#### [DATASET]
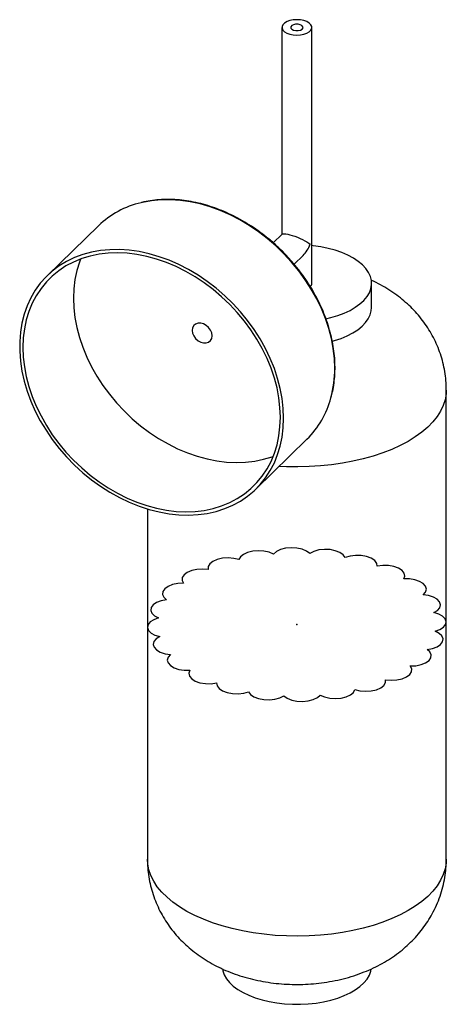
# Paper-space layout '_Trimétrica' of a CAD drawing. Header units: inches. Extents: x -4.4 to 2.4, y -0.9 to 14.6.
import ezdxf

# ---------------------------------------------------------------- set-up
doc = ezdxf.new("R2010")
doc.units = ezdxf.units.IN
doc.header["$MEASUREMENT"] = 0
doc.header["$PDSIZE"] = -1

psp = doc.layouts.new('_Trimétrica')

# ---------------------------------------------------------------- linework, layer by layer
at = {"color": 7, "linetype": 'Continuous', "lineweight": 25}
for p, q in [((-0.236, 14.511), (-0.236, 11.236)), ((0.236, 10.461), (0.236, 14.511)), ((-3.137, 11.373), (-3.944, 10.584)), ((-0.233, 11.239), (-0.373, 11.102)), ((-0.043, 10.764), (0.097, 10.901)), ((1.181, 10.081), (1.181, 10.461)), ((2.362, 1.35), (2.362, 8.774)), ((-0.648, 7.207), (0.16, 7.995)), ((-2.362, 6.892), (-2.362, 1.35))]:
    psp.add_line(p, q, dxfattribs=at)
at = {"color": 7, "linetype": 'Continuous', "lineweight": 25, "flags": 128}
for points in [[(-0.11, 14.403), (-0.057, 14.393), (-0.001, 14.389), (0.056, 14.393), (0.109, 14.403), (0.156, 14.42), (0.194, 14.442), (0.221, 14.468), (0.234, 14.496), (0.235, 14.525), (0.221, 14.554), (0.195, 14.58), (0.157, 14.602), (0.11, 14.619), (0.057, 14.629), (0.001, 14.633), (-0.056, 14.629), (-0.109, 14.619), (-0.156, 14.602), (-0.194, 14.58), (-0.221, 14.554), (-0.234, 14.526), (-0.235, 14.497), (-0.221, 14.468), (-0.195, 14.442), (-0.157, 14.42), (-0.11, 14.403)], [(0.599, 9.117), (0.593, 9.271), (0.575, 9.428), (0.545, 9.587), (0.504, 9.746), (0.451, 9.904), (0.387, 10.062), (0.313, 10.217), (0.228, 10.369), (0.133, 10.517), (0.029, 10.661), (-0.084, 10.799), (-0.205, 10.93), (-0.333, 11.054), (-0.468, 11.171), (-0.608, 11.279), (-0.754, 11.378), (-0.904, 11.467), (-1.057, 11.546), (-1.213, 11.614), (-1.37, 11.671), (-1.528, 11.717), (-1.685, 11.751), (-1.842, 11.774), (-1.997, 11.784), (-2.148, 11.782), (-2.296, 11.769), (-2.439, 11.743), (-2.464, 11.737)], [(-0.233, 11.239), (-0.231, 11.241), (-0.219, 11.246), (-0.2, 11.247), (-0.175, 11.245), (-0.145, 11.24), (-0.11, 11.231), (-0.072, 11.22), (-0.032, 11.206), (0.009, 11.19), (0.05, 11.173), (0.089, 11.154), (0.126, 11.135), (0.159, 11.116), (0.187, 11.097), (0.209, 11.08)], [(-0.209, 8.328), (-0.215, 8.483), (-0.233, 8.64), (-0.262, 8.798), (-0.304, 8.957), (-0.356, 9.116), (-0.42, 9.273), (-0.495, 9.429), (-0.58, 9.581), (-0.675, 9.729), (-0.779, 9.872), (-0.892, 10.01), (-1.012, 10.142), (-1.14, 10.266), (-1.275, 10.383), (-1.416, 10.491), (-1.562, 10.589), (-1.711, 10.679), (-1.865, 10.757), (-2.02, 10.826), (-2.178, 10.883), (-2.335, 10.929), (-2.493, 10.963), (-2.65, 10.985), (-2.804, 10.996), (-2.956, 10.994), (-3.104, 10.98), (-3.247, 10.955), (-3.385, 10.917), (-3.516, 10.868), (-3.641, 10.808), (-3.758, 10.737), (-3.866, 10.655), (-3.966, 10.563), (-4.056, 10.462), (-4.136, 10.351), (-4.205, 10.232), (-4.263, 10.106), (-4.31, 9.973), (-4.346, 9.833), (-4.37, 9.688), (-4.382, 9.539), (-4.382, 9.386), (-4.37, 9.23), (-4.346, 9.072), (-4.31, 8.913), (-4.263, 8.754), (-4.205, 8.596), (-4.136, 8.44), (-4.056, 8.286), (-3.966, 8.136), (-3.866, 7.99), (-3.758, 7.849), (-3.641, 7.714), (-3.516, 7.586), (-3.385, 7.466), (-3.247, 7.353), (-3.104, 7.25), (-2.956, 7.156), (-2.804, 7.072), (-2.65, 6.998), (-2.493, 6.935), (-2.335, 6.884), (-2.178, 6.844), (-2.02, 6.815), (-1.865, 6.799), (-1.711, 6.795), (-1.562, 6.802), (-1.416, 6.822), (-1.275, 6.854), (-1.14, 6.897), (-1.012, 6.952), (-0.892, 7.017), (-0.779, 7.094), (-0.675, 7.181), (-0.58, 7.278), (-0.495, 7.384), (-0.42, 7.498), (-0.356, 7.621), (-0.304, 7.751), (-0.262, 7.887), (-0.233, 8.03), (-0.215, 8.177), (-0.209, 8.328)], [(-0.261, 8.342), (-0.267, 8.495), (-0.285, 8.65), (-0.314, 8.806), (-0.356, 8.963), (-0.408, 9.12), (-0.472, 9.275), (-0.547, 9.428), (-0.631, 9.578), (-0.726, 9.724), (-0.83, 9.865), (-0.942, 10), (-1.062, 10.129), (-1.19, 10.25), (-1.324, 10.364), (-1.464, 10.469), (-1.608, 10.565), (-1.757, 10.651), (-1.909, 10.726), (-2.063, 10.791), (-2.218, 10.845), (-2.374, 10.888), (-2.529, 10.918), (-2.683, 10.937), (-2.835, 10.944), (-2.984, 10.939), (-3.128, 10.921), (-3.268, 10.892), (-3.402, 10.852), (-3.53, 10.799), (-3.65, 10.736), (-3.762, 10.662), (-3.866, 10.577), (-3.96, 10.483), (-4.045, 10.379), (-4.12, 10.266), (-4.183, 10.146), (-4.236, 10.018), (-4.277, 9.883), (-4.307, 9.743), (-4.325, 9.598), (-4.331, 9.449), (-4.325, 9.296), (-4.307, 9.141), (-4.277, 8.985), (-4.236, 8.828), (-4.183, 8.671), (-4.12, 8.516), (-4.045, 8.363), (-3.96, 8.213), (-3.866, 8.067), (-3.762, 7.926), (-3.65, 7.791), (-3.53, 7.662), (-3.402, 7.541), (-3.268, 7.427), (-3.128, 7.322), (-2.984, 7.226), (-2.835, 7.14), (-2.683, 7.065), (-2.529, 7), (-2.374, 6.946), (-2.218, 6.903), (-2.063, 6.873), (-1.909, 6.854), (-1.757, 6.847), (-1.608, 6.852), (-1.464, 6.87), (-1.324, 6.899), (-1.19, 6.939), (-1.062, 6.992), (-0.942, 7.055), (-0.83, 7.129), (-0.726, 7.214), (-0.631, 7.308), (-0.547, 7.412), (-0.472, 7.525), (-0.408, 7.645), (-0.356, 7.773), (-0.314, 7.908), (-0.285, 8.048), (-0.267, 8.193), (-0.261, 8.342)], [(0.46, 9.901), (0.538, 9.92), (0.647, 9.952), (0.748, 9.991), (0.841, 10.034), (0.924, 10.083), (0.997, 10.136), (1.059, 10.192), (1.109, 10.252), (1.146, 10.313), (1.17, 10.377), (1.18, 10.441), (1.178, 10.506), (1.162, 10.57), (1.133, 10.633), (1.091, 10.694), (1.037, 10.753), (0.971, 10.808), (0.894, 10.859), (0.807, 10.906), (0.71, 10.947), (0.606, 10.984), (0.495, 11.014), (0.378, 11.038), (0.257, 11.055), (0.236, 11.058)], [(-3.419, 10.845), (-3.438, 10.797), (-3.479, 10.663), (-3.509, 10.523), (-3.526, 10.377), (-3.532, 10.228), (-3.526, 10.075), (-3.509, 9.92), (-3.479, 9.764), (-3.438, 9.607), (-3.385, 9.451), (-3.321, 9.295), (-3.247, 9.142), (-3.162, 8.993), (-3.067, 8.847), (-2.964, 8.706), (-2.851, 8.57), (-2.731, 8.442), (-2.604, 8.32), (-2.47, 8.206), (-2.33, 8.101), (-2.185, 8.006), (-2.037, 7.92), (-1.885, 7.844), (-1.731, 7.779), (-1.575, 7.725), (-1.42, 7.683), (-1.264, 7.652), (-1.11, 7.633), (-0.958, 7.627), (-0.81, 7.632), (-0.665, 7.649), (-0.525, 7.678), (-0.391, 7.719), (-0.374, 7.725)], [(0.562, 9.546), (0.593, 9.555), (0.698, 9.591), (0.796, 9.632), (0.884, 9.678), (0.962, 9.728), (1.03, 9.783), (1.085, 9.841), (1.129, 9.902), (1.159, 9.965), (1.177, 10.029), (1.181, 10.081)], [(-1.341, 9.632), (-1.347, 9.677), (-1.366, 9.721), (-1.395, 9.762), (-1.432, 9.795), (-1.475, 9.819), (-1.52, 9.831), (-1.563, 9.831), (-1.6, 9.818), (-1.629, 9.793), (-1.648, 9.758), (-1.654, 9.717), (-1.648, 9.673), (-1.629, 9.629), (-1.6, 9.588), (-1.563, 9.554), (-1.52, 9.531), (-1.475, 9.518), (-1.432, 9.519), (-1.395, 9.532), (-1.366, 9.557), (-1.347, 9.591), (-1.341, 9.632)], [(2.362, 8.774), (2.359, 8.713), (2.343, 8.621), (2.314, 8.53), (2.272, 8.441), (2.216, 8.353), (2.148, 8.268), (2.068, 8.186), (1.976, 8.107), (1.872, 8.032), (1.758, 7.961), (1.633, 7.895), (1.5, 7.834), (1.357, 7.778), (1.207, 7.728), (1.05, 7.684), (0.887, 7.647), (0.719, 7.615), (0.547, 7.591), (0.371, 7.573), (0.194, 7.562), (0.015, 7.558), (-0.163, 7.56), (-0.279, 7.566)], [(2.362, 1.35), (2.359, 1.289), (2.343, 1.197), (2.314, 1.106), (2.272, 1.017), (2.216, 0.929), (2.148, 0.844), (2.068, 0.762), (1.976, 0.683), (1.872, 0.608), (1.758, 0.537), (1.633, 0.471), (1.5, 0.41), (1.357, 0.354), (1.207, 0.304), (1.05, 0.26), (0.887, 0.222), (0.719, 0.191), (0.547, 0.166), (0.371, 0.148), (0.194, 0.137), (0.015, 0.133), (-0.163, 0.136), (-0.341, 0.146), (-0.517, 0.163), (-0.69, 0.186), (-0.859, 0.216), (-1.023, 0.253), (-1.181, 0.296), (-1.332, 0.345), (-1.476, 0.4), (-1.611, 0.46), (-1.737, 0.525), (-1.853, 0.595), (-1.959, 0.67), (-2.053, 0.748), (-2.135, 0.83), (-2.206, 0.914), (-2.263, 1.002), (-2.308, 1.091), (-2.339, 1.181), (-2.357, 1.273), (-2.362, 1.35)], [(-1.177, -0.385), (-1.172, -0.414), (-1.149, -0.478), (-1.114, -0.54), (-1.065, -0.6), (-1.005, -0.657), (-0.934, -0.71), (-0.851, -0.759), (-0.76, -0.803), (-0.659, -0.842), (-0.551, -0.875)], [(-0.551, -0.875), (-0.437, -0.903), (-0.318, -0.923), (-0.195, -0.937), (-0.07, -0.945), (0.055, -0.945), (0.18, -0.939), (0.304, -0.925), (0.423, -0.905), (0.538, -0.879), (0.647, -0.846), (0.748, -0.808), (0.841, -0.765), (0.924, -0.716), (0.997, -0.663), (1.059, -0.607), (1.109, -0.547), (1.146, -0.486), (1.17, -0.422), (1.177, -0.388)]]:
    psp.add_lwpolyline(points, dxfattribs=at)
at = {"color": 7, "linetype": 'Continuous', "flags": 128}
for points in [[(0.097, 14.502), (0.096, 14.521), (0.081, 14.54), (0.054, 14.553), (0.018, 14.561), (-0.02, 14.561), (-0.055, 14.553), (-0.082, 14.539), (-0.097, 14.521), (-0.096, 14.501), (-0.081, 14.483), (-0.054, 14.469), (-0.018, 14.461), (0.02, 14.461), (0.055, 14.469), (0.082, 14.483), (0.097, 14.502)], [(-0.369, 6.177), (-0.438, 6.207), (-0.52, 6.226), (-0.609, 6.232), (-0.698, 6.224), (-0.779, 6.205), (-0.846, 6.174), (-0.893, 6.134), (-0.917, 6.09)], [(0.204, 6.188), (0.152, 6.226), (0.082, 6.255), (-0.001, 6.273), (-0.09, 6.278), (-0.178, 6.269), (-0.258, 6.249), (-0.324, 6.217), (-0.369, 6.177)], [(0.763, 6.123), (0.732, 6.166), (0.679, 6.204), (0.608, 6.232), (0.524, 6.248), (0.435, 6.252), (0.347, 6.243), (0.268, 6.221), (0.204, 6.188)], [(-0.917, 6.09), (-0.998, 6.11), (-1.087, 6.117), (-1.176, 6.111), (-1.258, 6.092), (-1.326, 6.062), (-1.376, 6.023), (-1.402, 5.979), (-1.402, 5.933)], [(1.27, 5.985), (1.262, 6.031), (1.23, 6.074), (1.175, 6.111), (1.102, 6.138), (1.018, 6.154), (0.928, 6.156), (0.841, 6.146), (0.763, 6.123)], [(-1.402, 5.933), (-1.491, 5.941), (-1.58, 5.936), (-1.663, 5.918), (-1.733, 5.889), (-1.784, 5.851), (-1.812, 5.807), (-1.815, 5.761), (-1.792, 5.716)], [(1.69, 5.784), (1.706, 5.83), (1.697, 5.876), (1.662, 5.918), (1.606, 5.954), (1.532, 5.981), (1.446, 5.995), (1.357, 5.997), (1.27, 5.985)], [(1.996, 5.534), (2.034, 5.576), (2.048, 5.622), (2.036, 5.668), (1.999, 5.71), (1.941, 5.745), (1.866, 5.771), (1.78, 5.784), (1.69, 5.784)], [(-1.792, 5.716), (-1.882, 5.712), (-1.965, 5.695), (-2.036, 5.667), (-2.089, 5.63), (-2.119, 5.586), (-2.124, 5.54), (-2.104, 5.495), (-2.06, 5.455)], [(-2.06, 5.455), (-2.144, 5.439), (-2.217, 5.412), (-2.271, 5.375), (-2.303, 5.332), (-2.311, 5.286), (-2.292, 5.241), (-2.25, 5.2), (-2.187, 5.167)], [(2.165, 5.252), (2.223, 5.288), (2.259, 5.33), (2.271, 5.376), (2.257, 5.421), (2.218, 5.463), (2.159, 5.498), (2.082, 5.522), (1.996, 5.534)], [(-2.187, 5.167), (-2.261, 5.14), (-2.317, 5.104), (-2.351, 5.062), (-2.36, 5.016), (-2.344, 4.97), (-2.304, 4.929), (-2.243, 4.895), (-2.165, 4.872)], [(2.187, 4.957), (2.261, 4.984), (2.317, 5.02), (2.351, 5.062), (2.36, 5.108), (2.344, 5.154), (2.304, 5.195), (2.243, 5.229), (2.165, 5.252)], [(-2.165, 4.872), (-2.223, 4.836), (-2.259, 4.794), (-2.271, 4.748), (-2.257, 4.703), (-2.218, 4.661), (-2.159, 4.626), (-2.082, 4.602), (-1.996, 4.59)], [(2.06, 4.669), (2.144, 4.685), (2.217, 4.712), (2.271, 4.749), (2.303, 4.792), (2.311, 4.838), (2.292, 4.883), (2.25, 4.924), (2.187, 4.957)], [(-1.996, 4.59), (-2.034, 4.548), (-2.048, 4.502), (-2.036, 4.456), (-1.999, 4.414), (-1.941, 4.379), (-1.866, 4.353), (-1.78, 4.34), (-1.69, 4.34)], [(1.792, 4.408), (1.882, 4.412), (1.965, 4.429), (2.036, 4.457), (2.089, 4.494), (2.119, 4.538), (2.124, 4.584), (2.104, 4.629), (2.06, 4.669)], [(1.402, 4.191), (1.491, 4.183), (1.58, 4.188), (1.663, 4.206), (1.733, 4.235), (1.784, 4.273), (1.812, 4.317), (1.815, 4.363), (1.792, 4.408)], [(-1.69, 4.34), (-1.706, 4.294), (-1.697, 4.248), (-1.662, 4.206), (-1.606, 4.17), (-1.532, 4.143), (-1.446, 4.129), (-1.357, 4.127), (-1.27, 4.139)], [(-1.27, 4.139), (-1.262, 4.093), (-1.23, 4.05), (-1.175, 4.013), (-1.102, 3.986), (-1.018, 3.97), (-0.928, 3.968), (-0.841, 3.978), (-0.763, 4.001)], [(0.917, 4.034), (0.998, 4.014), (1.087, 4.007), (1.176, 4.013), (1.258, 4.032), (1.326, 4.062), (1.376, 4.101), (1.402, 4.145), (1.402, 4.191)], [(-0.763, 4.001), (-0.732, 3.958), (-0.679, 3.92), (-0.608, 3.892), (-0.524, 3.876), (-0.435, 3.872), (-0.347, 3.881), (-0.268, 3.903), (-0.204, 3.936)], [(-0.204, 3.936), (-0.152, 3.898), (-0.082, 3.869), (0.001, 3.851), (0.09, 3.846), (0.178, 3.855), (0.258, 3.875), (0.324, 3.907), (0.369, 3.947)], [(0.369, 3.947), (0.438, 3.917), (0.52, 3.898), (0.609, 3.892), (0.698, 3.9), (0.779, 3.919), (0.846, 3.95), (0.893, 3.99), (0.917, 4.034)]]:
    psp.add_lwpolyline(points, dxfattribs=at)
at = {"color": 7, "linetype": 'Continuous', "lineweight": 25}
for centre, radius, start, end in [((-2.141, 10.338), 1.436, 102.9967, 133.9027), ((-0.234, 11.233), 0.469, 315.0045, 340.9256), ((0.158, 10.465), 0.0786, 315.1125, 357.6096), ((-1.161, 9.107), 1.76, 344.9249, 0.311), ((-0.849, 9.015), 1.434, 314.6914, 345.2502)]:
    psp.add_arc(centre, radius, start, end, dxfattribs=at)
for points, knots in [([(0.603, 9.126), (0.603, 9.152), (0.602, 9.226), (0.593, 9.35), (0.571, 9.498), (0.539, 9.648), (0.497, 9.798), (0.445, 9.947), (0.383, 10.095), (0.311, 10.241), (0.231, 10.384), (0.141, 10.524), (0.044, 10.659), (-0.061, 10.789), (-0.174, 10.914), (-0.293, 11.033), (-0.418, 11.144), (-0.549, 11.249), (-0.684, 11.345), (-0.824, 11.433), (-0.967, 11.512), (-1.112, 11.582), (-1.26, 11.642), (-1.408, 11.693), (-1.558, 11.733), (-1.706, 11.763), (-1.854, 11.782), (-2, 11.79), (-2.143, 11.788), (-2.283, 11.775), (-2.387, 11.759), (-2.444, 11.744), (-2.456, 11.74)], [0, 0, 0, 0, 0.018358, 0.053021, 0.087697, 0.122384, 0.157079, 0.191779, 0.226482, 0.261187, 0.295893, 0.330599, 0.365305, 0.400011, 0.434718, 0.469425, 0.504133, 0.538842, 0.573552, 0.608265, 0.642979, 0.677695, 0.712413, 0.747131, 0.781848, 0.816563, 0.851272, 0.885973, 0.920661, 0.955333, 0.989984, 1, 1, 1, 1]), ([(2.361, 8.774), (2.361, 8.787), (2.363, 8.849), (2.354, 8.959), (2.334, 9.102), (2.302, 9.242), (2.259, 9.379), (2.206, 9.511), (2.143, 9.638), (2.07, 9.759), (1.989, 9.875), (1.899, 9.985), (1.8, 10.089), (1.693, 10.186), (1.578, 10.277), (1.456, 10.361), (1.324, 10.438), (1.23, 10.487), (1.179, 10.509), (1.175, 10.51)], [0, 0, 0, 0, 0.0177877, 0.0827858, 0.147293, 0.2113911, 0.2751706, 0.3387283, 0.4021715, 0.4656214, 0.5292172, 0.5931211, 0.6575212, 0.7226334, 0.7886966, 0.8559584, 0.924643, 0.9948954, 1, 1, 1, 1]), ([(0.541, 8.657), (0.55, 8.687), (0.57, 8.76), (0.589, 8.883), (0.602, 9.01), (0.603, 9.092), (0.603, 9.126)], [0, 0, 0, 0, 0.200875, 0.495076, 0.789502, 1, 1, 1, 1]), ([(-2.362, 1.349), (-2.361, 1.305), (-2.359, 1.211), (-2.342, 1.071), (-2.314, 0.93), (-2.275, 0.792), (-2.225, 0.659), (-2.166, 0.53), (-2.096, 0.406), (-2.018, 0.288), (-1.931, 0.176), (-1.835, 0.07), (-1.731, -0.029), (-1.619, -0.122), (-1.499, -0.209), (-1.371, -0.288), (-1.234, -0.361), (-1.09, -0.425), (-0.939, -0.482), (-0.781, -0.53), (-0.619, -0.569), (-0.453, -0.599), (-0.286, -0.619), (-0.117, -0.63), (0.052, -0.632), (0.222, -0.624), (0.392, -0.607), (0.562, -0.58), (0.731, -0.543), (0.9, -0.495), (1.061, -0.437), (1.211, -0.372), (1.35, -0.3), (1.482, -0.22), (1.605, -0.134), (1.719, -0.04), (1.825, 0.06), (1.922, 0.166), (2.01, 0.277), (2.089, 0.395), (2.161, 0.521), (2.225, 0.657), (2.278, 0.801), (2.318, 0.947), (2.346, 1.095), (2.361, 1.229), (2.361, 1.314), (2.361, 1.35)], [0, 0, 0, 0, 0.019562, 0.04061, 0.061516, 0.082307, 0.103015, 0.123673, 0.144319, 0.164996, 0.185754, 0.206651, 0.227755, 0.249141, 0.270889, 0.293076, 0.315762, 0.338964, 0.362637, 0.386663, 0.410861, 0.435064, 0.459208, 0.483296, 0.507387, 0.531575, 0.55594, 0.58059, 0.605623, 0.631098, 0.656997, 0.680378, 0.703398, 0.725976, 0.748103, 0.769815, 0.791168, 0.812222, 0.833032, 0.853647, 0.874107, 0.896718, 0.919069, 0.941121, 0.962906, 0.984452, 1, 1, 1, 1])]:
    psp.add_open_spline(points, degree=3, knots=knots, dxfattribs=at)
at = {"color": 7, "linetype": 'Continuous'}
psp.add_point((0, 5.062), dxfattribs=at)

doc.saveas('drawing.dxf')

#### [BRIEF]
Go through the records above, find each line with the string "drawing", and copy it.

#### [TASK RESULT]
# Paper-space layout '_Trimétrica' of a CAD drawing. Header units: inches. Extents: x -4.4 to 2.4, y -0.9 to 14.6.
doc.saveas('drawing.dxf')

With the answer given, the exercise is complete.